BIDIRECTIONAL HOMOGENIZATION METHOD FOR ACCURATE ANALYSIS OF MECHANICAL BEHAVIORS OF Nb3Sn SUPERCONDUCTING COILS

  • 摘要: Nb3Sn超导磁体运行时产生很高磁场, Nb3Sn超导线圈会受到很强电磁体力的作用, 从而会产生很大的力学应变. 由于Nb3Sn超导材料的应变敏感性, 会使得Nb3Sn磁体线圈的临界性能退化, 这对磁体的安全稳定运行造成极大影响, 所以精确计算超导磁体在电磁体力下的力学行为具有重要的科学意义. Nb3Sn超导磁体主要是由超导线绕制成线圈结构再经过环氧树脂固化而成, Nb3Sn超导线是主要由多根微米级的超导芯丝、铜形成的复合结构, 所以从超导芯丝到超导磁体其尺寸跨越了几个数量级, 从而给精确分析超导线圈力学变形带来挑战. 本文首先采用代表性单元均质化方法分析了整体线圈的等效力学参数, 通过对比等效均质化模型与线圈真实结构的计算结果, 发现等效均质化模型存在很大的误差. 因此, 提出一种高精度而且计算代价低的双向均质化分析方法, 研究超导线圈内各组分材料(Nb3Sn芯丝、铜和环氧树脂)应力-应变分布. 该方法不需要进行大规模的数值建模, 并且与真实复合线圈下的结果对比吻合很好, 由此验证了该方法的有效性和准确性. 最后基于提出的双向均质化分析方法, 详细讨论了Nb3Sn超导线圈各层材料在电磁力作用下应力-应变随匝数和层数的变化规律.

     

    Abstract: Nb3Sn superconducting magnets can produce high magnetic fields during operation, and the Nb3Sn superconducting coils subjected to strong electromagnetic force can result in great mechanical strain. The strain sensitivity of Nb3Sn superconducting material will degrade the critical performance of the Nb3Sn magnet coil, which has a significant impact on the safety and stability of magnets. Therefore, it is of great scientific significance to accurately calculate the mechanical behavior of superconducting magnets under electromagnetic force.
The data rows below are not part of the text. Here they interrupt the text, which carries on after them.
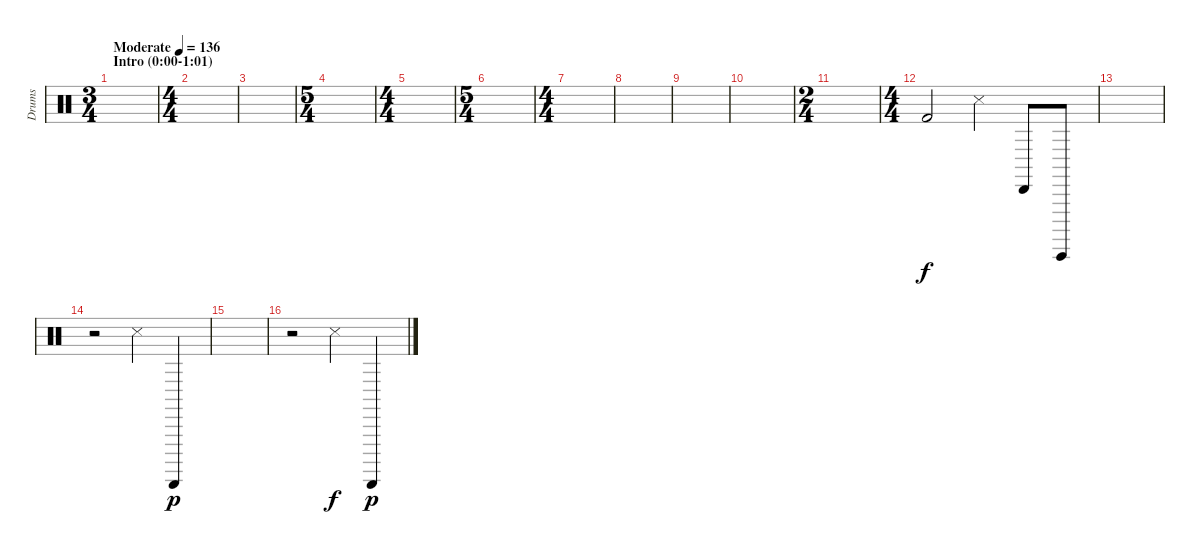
\track ("Drums" "Drums") {instrument percussion}
\staff {score}
\articulation defaults
\ts (3 4)
\section ("" "Intro (0:00-1:01)")
\tempo (136 "Moderate")
\clef neutral
\ks c
|
\ts (4 4)
|
|
\ts (5 4)
|
\ts (4 4)
|
\ts (5 4)
|
\ts (4 4)
|
|
|
|
\ts (2 4)
|
\ts (4 4)
"Kick (hit) 2".2 "Snare (side stick) 3".4 "Cabasa (hit)".8 "Guiro (hit)".8 |
|
r.2 "Snare (side stick) 3".4 "Guiro (scrap-return)".4{dy p} |
|
r.2 "Snare (side stick) 3".4{dy f} "Guiro (scrap-return)".4{dy p}

Nb3Sn superconducting magnets are mainly made of superconducting wires wound into coil structure and solidified by epoxy resin. Nb3Sn superconducting wire is a composite structure mainly made of multiple microfilament embedded in a copper matrix. Therefore, the size from superconducting filaments to superconducting magnets spans several orders of magnitude, which brings challenges for accurate analysis of the mechanical deformation of superconducting coils. Firstly, the representative element (RVE) homogenization method is used to analyze the equivalent mechanical parameters of the whole coil. By comparing the results of the equivalent homogenization model and the actual structure of the coil, it is found that there are significant errors in the equivalent homogenization model. Therefore, we propose a bidirectional homogenization analysis method with high accuracy and low computational cost to study the stress-strain distribution of each component material (Nb3Sn filament, copper, and epoxy resin) in the superconducting coil. This method does not require large-scale numerical modeling and the results of this method are in good agreement with that of the actual composite coils, which verifies the effectiveness and accuracy of this method. Finally, based on the proposed multi-scale method, we discuss the stress-strain variations of each layer of the Nb3Sn superconducting coil versus turns and layers under the electromagnetic force in detail.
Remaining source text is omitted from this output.